Sunday, December 9, 2012

Nuclear Winter


By Robert Lamb 

Call it par­anoia or keen insight, but humans have long pondered the possibility that the end of the world won't come as the result of warring gods or cosmic mishap, but due to our own self-destructive tendencies. Once nomads in the primordial wilds, we've climbed a ladder of technology, taken on the mantle of civilization and declared ourselves masters of the planet. But how long can we lord over our domain without destroying ourselves? After all, if we learned nothing else from "2001: A Space Odyssey" it's that if you give a monkey a bone, it inevitably will beat another monkey to death with it.

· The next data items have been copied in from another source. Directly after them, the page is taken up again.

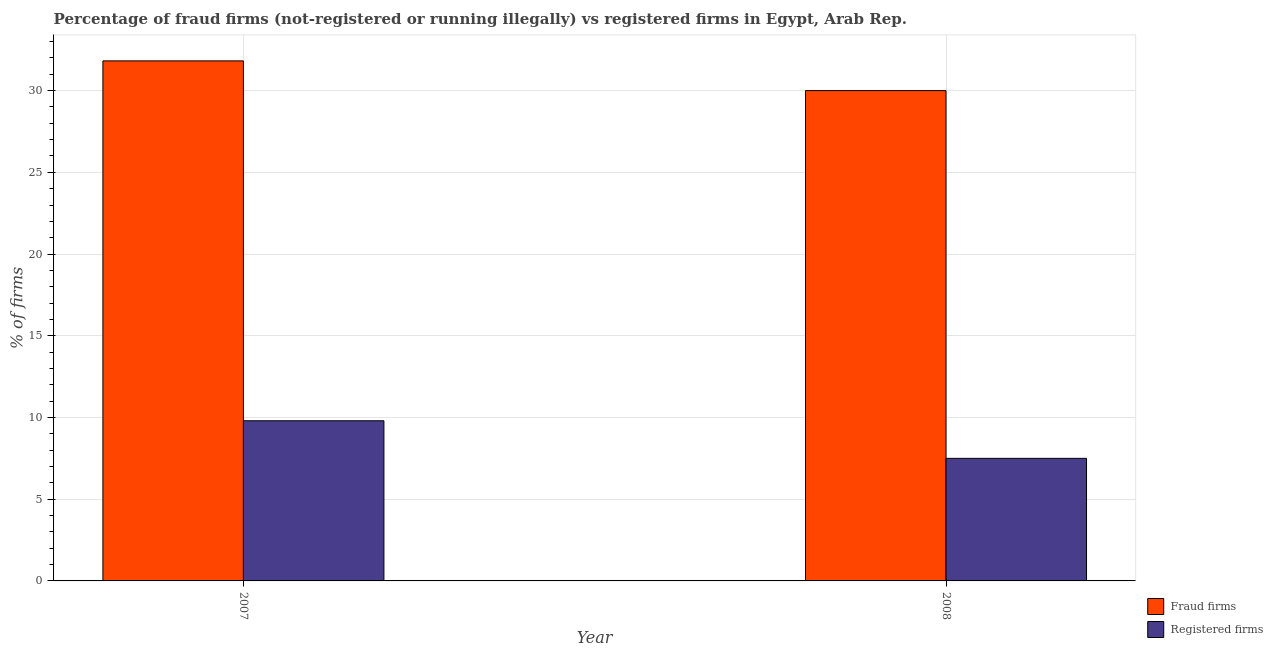Are the number of bars per tick equal to the number of legend labels?
Your answer should be very brief. Yes. Are the number of bars on each tick of the X-axis equal?
Make the answer very short. Yes. In how many cases, is the number of bars for a given year not equal to the number of legend labels?
Offer a terse response. 0. What is the percentage of fraud firms in 2008?
Make the answer very short. 30. What is the total percentage of fraud firms in the graph?
Make the answer very short. 61.82. What is the difference between the percentage of fraud firms in 2007 and that in 2008?
Ensure brevity in your answer.  1.82. What is the difference between the percentage of registered firms in 2008 and the percentage of fraud firms in 2007?
Give a very brief answer. -2.3. What is the average percentage of fraud firms per year?
Provide a succinct answer. 30.91. In the year 2008, what is the difference between the percentage of registered firms and percentage of fraud firms?
Your response must be concise. 0. What is the ratio of the percentage of fraud firms in 2007 to that in 2008?
Provide a succinct answer. 1.06. Is the percentage of registered firms in 2007 less than that in 2008?
Provide a short and direct response. No. In how many years, is the percentage of fraud firms greater than the average percentage of fraud firms taken over all years?
Your answer should be very brief. 1. What does the 2nd bar from the left in 2007 represents?
Offer a terse response. Registered firms. What does the 2nd bar from the right in 2008 represents?
Your response must be concise. Fraud firms. How many bars are there?
Provide a short and direct response. 4. What is the difference between two consecutive major ticks on the Y-axis?
Keep it short and to the point. 5. Does the graph contain any zero values?
Offer a very short reply. No. Does the graph contain grids?
Make the answer very short. Yes. How many legend labels are there?
Provide a succinct answer. 2. What is the title of the graph?
Ensure brevity in your answer.  Percentage of fraud firms (not-registered or running illegally) vs registered firms in Egypt, Arab Rep. What is the label or title of the X-axis?
Make the answer very short. Year. What is the label or title of the Y-axis?
Provide a succinct answer. % of firms. What is the % of firms of Fraud firms in 2007?
Ensure brevity in your answer.  31.82. What is the % of firms of Registered firms in 2008?
Keep it short and to the point. 7.5. Across all years, what is the maximum % of firms of Fraud firms?
Your response must be concise. 31.82. What is the total % of firms of Fraud firms in the graph?
Offer a very short reply. 61.82. What is the difference between the % of firms of Fraud firms in 2007 and that in 2008?
Ensure brevity in your answer.  1.82. What is the difference between the % of firms of Fraud firms in 2007 and the % of firms of Registered firms in 2008?
Provide a succinct answer. 24.32. What is the average % of firms of Fraud firms per year?
Your response must be concise. 30.91. What is the average % of firms of Registered firms per year?
Give a very brief answer. 8.65. In the year 2007, what is the difference between the % of firms in Fraud firms and % of firms in Registered firms?
Your answer should be very brief. 22.02. In the year 2008, what is the difference between the % of firms in Fraud firms and % of firms in Registered firms?
Offer a terse response. 22.5. What is the ratio of the % of firms in Fraud firms in 2007 to that in 2008?
Offer a very short reply. 1.06. What is the ratio of the % of firms of Registered firms in 2007 to that in 2008?
Ensure brevity in your answer.  1.31. What is the difference between the highest and the second highest % of firms in Fraud firms?
Your answer should be very brief. 1.82. What is the difference between the highest and the second highest % of firms in Registered firms?
Ensure brevity in your answer.  2.3. What is the difference between the highest and the lowest % of firms in Fraud firms?
Provide a succinct answer. 1.82.

Genetically fused to our savage past, we've cut a blood-drenched trail through the centuries. We've destroyed civilizations, waged war and scarred the face of the planet with our progress - and our weapons have grown more powerful. Following the first successful test of a nuclear weapon on July 16, 1945, Manhattan Project director J. Robert Oppenheimer brooded on the dire implications. Later, he famously invoked a quote from the Bhagavad Gita: "Now I am become death, the destroyer of worlds." 
 
In the decades following that detonation, humanity quaked with fear at atomic weaponry. As the global nuclear arsenal swelled, so, too, did our dread of the breed of war we might unleash with it. As scientists researched the possible ramifications of such a conflict, a new term entered the public vernacular: nuclear winter. If the sight of a mushroom cloud burning above the horizon suggests that the world might end with a bang, then nuclear winter presents the notion that post-World War III humanity might very well die with a whimper.

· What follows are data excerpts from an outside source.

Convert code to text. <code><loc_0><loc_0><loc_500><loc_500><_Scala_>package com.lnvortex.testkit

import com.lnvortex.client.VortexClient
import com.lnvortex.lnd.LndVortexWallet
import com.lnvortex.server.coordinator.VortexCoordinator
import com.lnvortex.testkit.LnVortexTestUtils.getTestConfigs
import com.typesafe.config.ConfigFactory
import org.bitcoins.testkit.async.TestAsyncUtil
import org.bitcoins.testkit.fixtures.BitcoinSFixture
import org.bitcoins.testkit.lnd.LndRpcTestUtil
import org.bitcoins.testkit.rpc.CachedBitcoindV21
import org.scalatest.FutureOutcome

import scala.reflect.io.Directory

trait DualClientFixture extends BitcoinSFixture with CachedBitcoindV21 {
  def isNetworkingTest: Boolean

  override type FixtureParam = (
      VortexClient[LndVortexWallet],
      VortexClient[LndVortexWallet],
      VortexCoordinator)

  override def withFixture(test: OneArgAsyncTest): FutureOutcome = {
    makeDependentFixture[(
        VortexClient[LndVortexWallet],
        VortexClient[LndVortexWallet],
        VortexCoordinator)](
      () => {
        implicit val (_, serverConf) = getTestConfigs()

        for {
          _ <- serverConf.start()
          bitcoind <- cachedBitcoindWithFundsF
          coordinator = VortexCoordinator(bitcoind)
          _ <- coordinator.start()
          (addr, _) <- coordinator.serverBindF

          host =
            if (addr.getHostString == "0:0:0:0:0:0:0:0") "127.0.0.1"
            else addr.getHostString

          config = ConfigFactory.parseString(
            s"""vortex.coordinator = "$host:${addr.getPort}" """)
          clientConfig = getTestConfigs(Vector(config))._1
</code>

Since the early 1980s, this scenario has permeated our most dismal visions of the future: Suddenly, the sky blazes with the radiance of a thousand suns. Millions of lives burn to ash and shadow. Finally, as nuclear firestorms incinerate cities and fo­rests, torrents of smoke ascend into the atmosphere to entomb the planet in billowing, black clouds of ash.

The result is noontime darkness, plummeting temperatures and the eventual death of life on planet Earth.